NOTE: Jobs that require changing sets of resources should call grun themselves - forcing later commands to requeue:

IE:

> grun -m 3000 myjob.sh

--- myjob.sh: ---
perl usesalotofmemory.pl
grun -c 4 -m 500 perl uses4cpusbutlessram.pl

The memory and cpu usage of the parent program will go to zero as the second script is launched.   In this way very complex jobs can be scheduled, without a special workflow system.  Just use bash, perl or ruby.

* What it does now:

It does the queueing, i/o, node-matching to requirements, suspend/resume, priorities, and has a great config system.   The "auto conf" allows sysadmins to create policies based on the parameters or script contens of a job.  Grun has run millions of jobs in a production cluster with about 52 nodes of 24-48 cores each.  Grun times every command and records memory/cpu/io.  Ulimits are set on jobs, and can be scaled to a multiple of requested (elbowing).   Jobs are editable, killable & suspend/resumable.  You can specify "make like" semantics on jobs and it will check inputs/outputs and run jobs only if needed.
 
Grun comes with a perl module that allows you to execute perl functions on remote hosts by copying the memory and code over to the remote machine. For example:

    use Grun;
    my $results = grun(\&mycrazyfunction, "param");

It decompiles the function locally, and recompiles remotely.

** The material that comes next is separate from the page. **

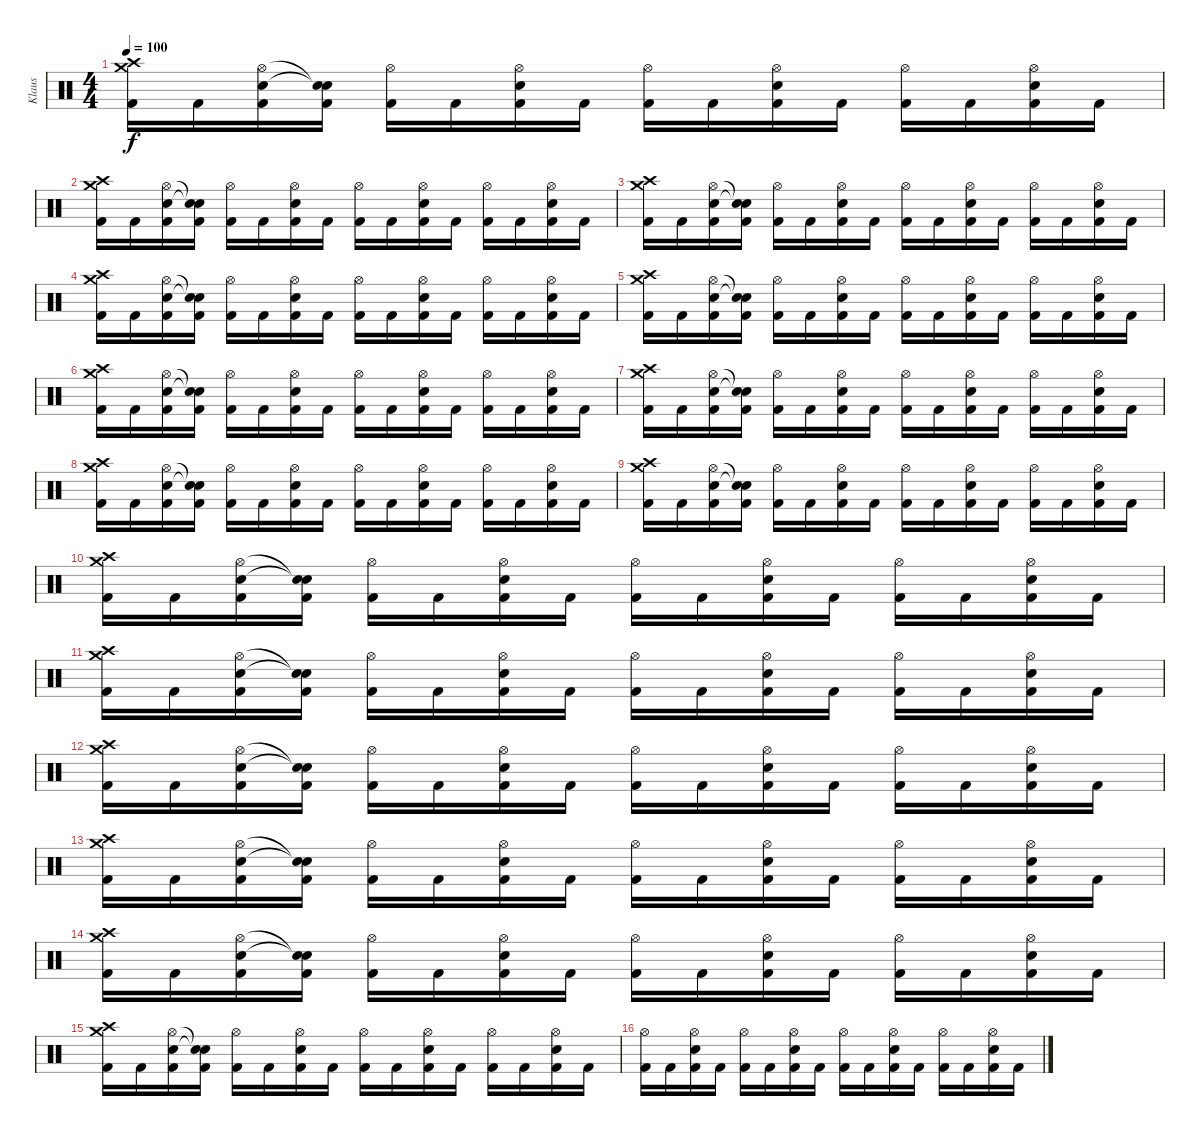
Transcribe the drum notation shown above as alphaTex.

* What it doesn't do yet (TODO):

- needs a "plugin" architecture.  Should be easy with perl.
- graceful restart... with socket handoff (it's always safe to restart... but it can cause waiters to pause)
- harrass users when queue drive is close to full, or cpu/ram was too high to ever run, or other (configurable) issues that users have

* Goals:

Small           Keep the code under a few k lines, should be readable.   Lots of comments.
Simple          Easy configuration, guesses default values
Smart           Keeps track of stats.  Learns what to do with things.   Puts the right jobs on the right machines.
Fast            Hundreds of thousands of jobs per hour on tens of thousands of machines should be easy.
Configurable    Make up lots of new things you want it to keep track of and allocate to jobs (like disk i/o, user limits, etc.)

* Features to avoid:

No security     Grun has no security.   It has to be behind a firewall on dedicated machines.  This limits it, and keeps it simple.  It's not hard to put up an ssh tunnel, and make it work at EC2.   But I'm not building in kerberos or stuff like that.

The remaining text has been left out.